Even though it was highly panned here, I wound up starting a Twitter account, solely for the purposes of feuding with someone. Feuds are fun, and it's basically just used for schtick. It's nothing done except for the purpose of having some fun and slinging some jokes. I'm trying not to be all stuck up assholey all the time.

Which, it's funny too. Everything I thought I'd hate, and I mean EVERYTHING, when I do it..it turns out to be a lot more fun than I could have anticipated. You know?

I've been doing a lot of writing on the book (it was once titled A Positive Rage) now it's called Anthems From the Basement Floor. I'm having so much fun with it. This is the way doing anything that's remotely 'creative' or whatever should be. I mean, I understand there are times when the emotion behind it doesn't really reflect that which is fine, but you have to really not take yourself, or whatever it is your doing too seriously, which...thankfully is something I've never done. So, you know.

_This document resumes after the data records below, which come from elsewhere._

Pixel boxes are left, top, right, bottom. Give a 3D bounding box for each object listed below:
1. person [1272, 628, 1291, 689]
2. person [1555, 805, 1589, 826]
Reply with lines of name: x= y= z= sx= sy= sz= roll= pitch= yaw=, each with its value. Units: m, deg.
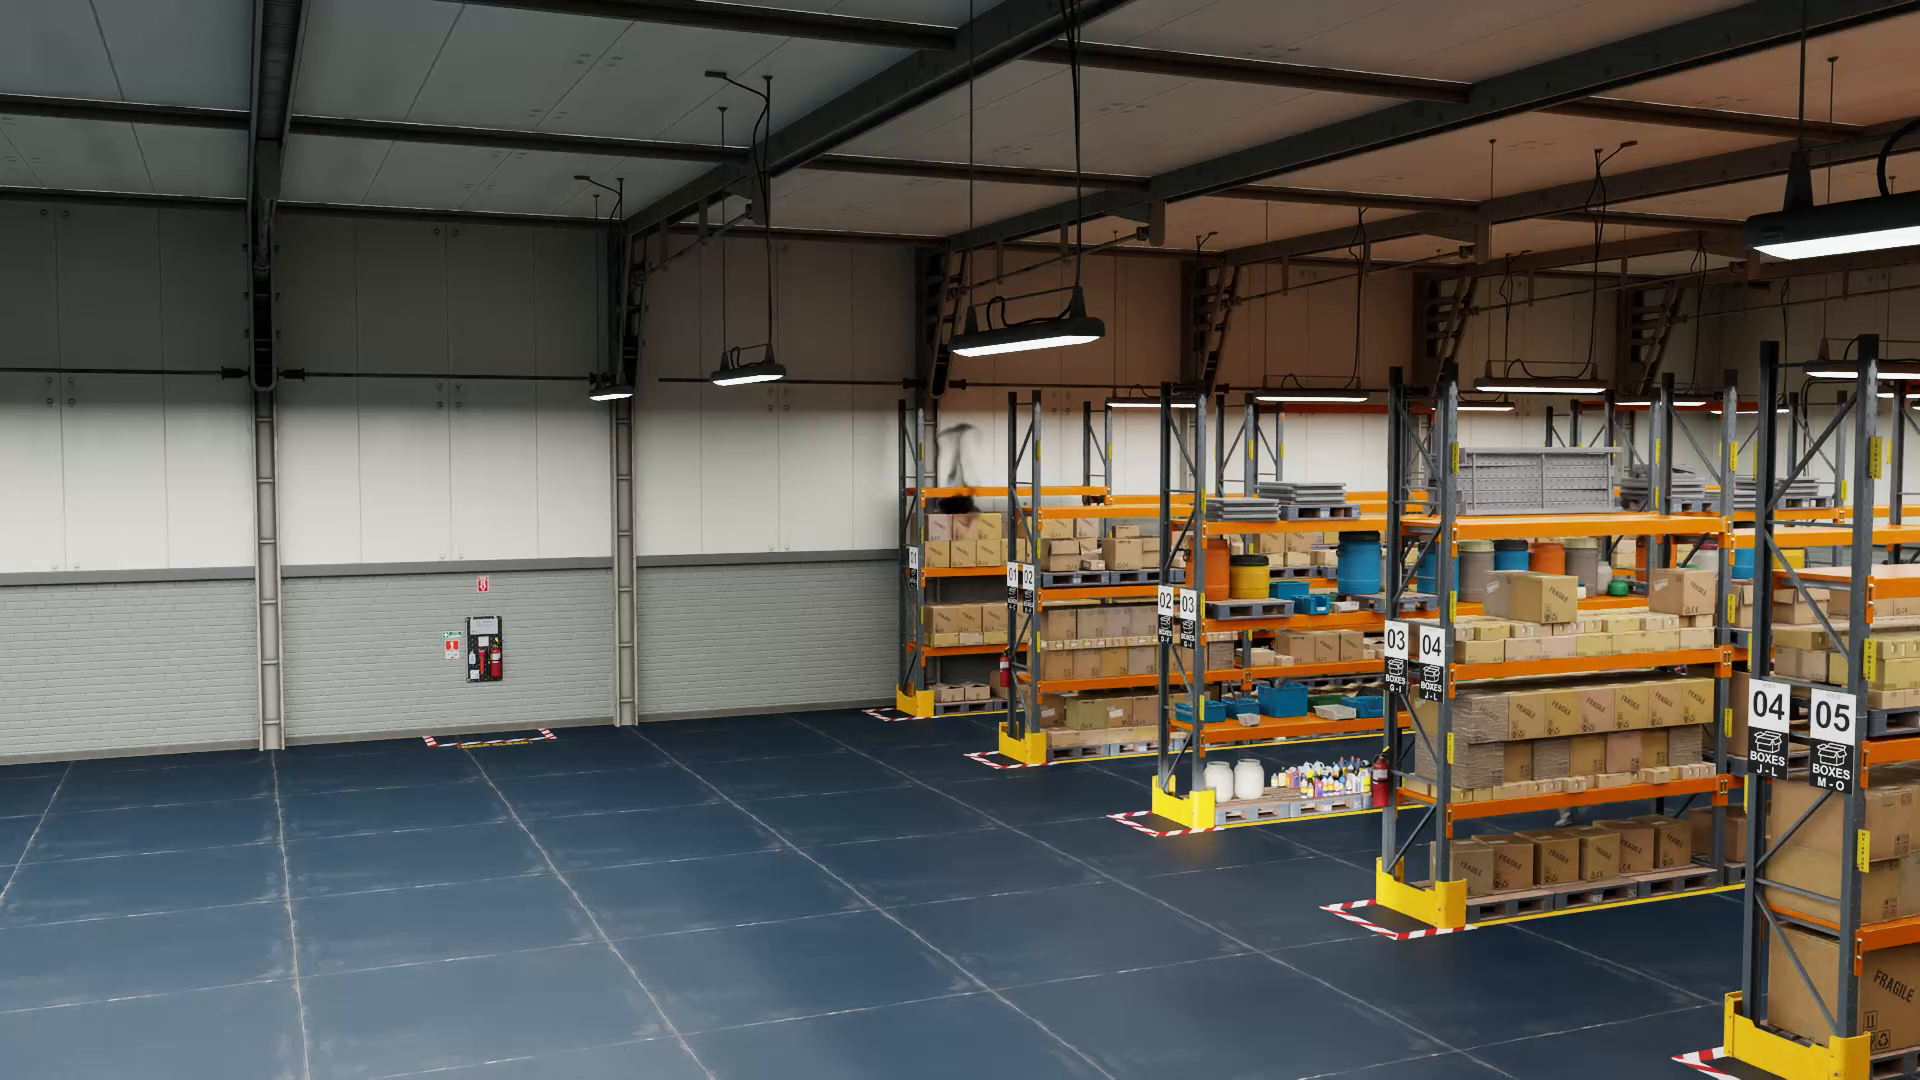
person: x=6.166 y=2.485 z=31.496 sx=0.918 sy=1.731 sz=0.599 roll=-2 pitch=4 yaw=-34
person: x=8.226 y=2.995 z=22.447 sx=0.584 sy=1.730 sz=0.661 roll=-2 pitch=4 yaw=-30
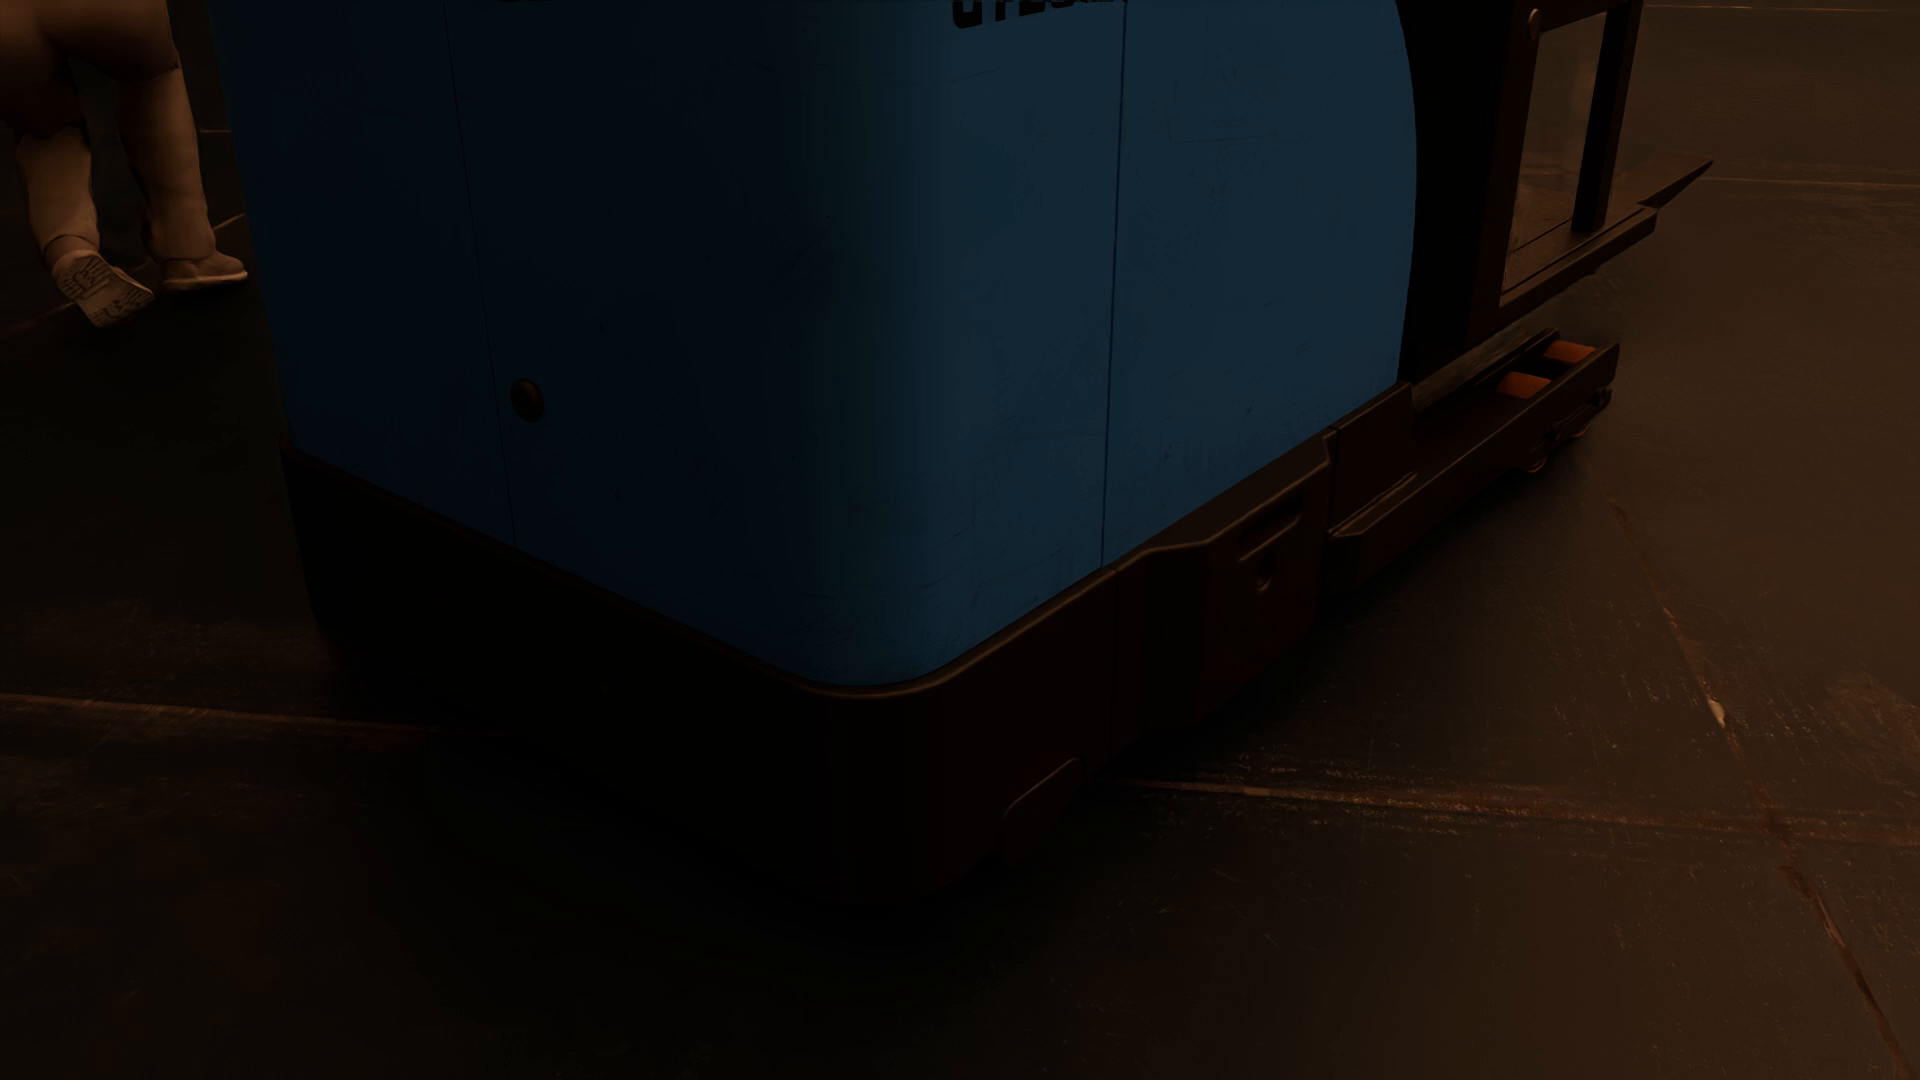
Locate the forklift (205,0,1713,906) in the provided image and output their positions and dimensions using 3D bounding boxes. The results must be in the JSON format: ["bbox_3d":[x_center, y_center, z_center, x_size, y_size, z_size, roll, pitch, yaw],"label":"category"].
[{"bbox_3d":[0.472,-1.543,2.309,1.130,2.935,3.031,20,33,34],"label":"forklift"}]

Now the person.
[{"bbox_3d":[-1.669,-1.153,3.266,0.690,1.396,0.972,-6,27,-11],"label":"person"}]

I'll be having knee surgery sometime here in the nearish future. Or I should be. I actually haven't fully made up my mind on that, actually. See, the way I look at it is that it hurts like hell now. Truth be told, it's probably going to hurt forever. That's just the way the body works. I can't even begin to list the things that have hurt my entire life, and I've just learned how to make the best of it. I mean, worst case scenarion my knee and shoulder and back lock up (the big three offenders) and I just have to take an extra moment trying to beat feeling back into them. Well, feeling that isn't just pain. Like...blood flow.

I know, I know. It sounds ridiculous not to get the surgery. But the way I look at it is...the last time I had one of the surgeries that I need to get, it took four-five months to get to where I could walk without my leg wanting to seemingly just crumble on me. It took months before it regained any strength whatsoever...

Now this time around, there's a laundry list of issues with it that I truly don't feel like dealing with, honestly. It's gonna take up too much time, and right now it's...useable. I can use it.

Don't even get me started on my shoulder, though. Ha.


So I don't know. There's a few other things, but I can't remember them right now. Oh well, there's always....

-Until tomorrow.

1 comment:

Velvet said...

Nobody does it like you anymore.

:-)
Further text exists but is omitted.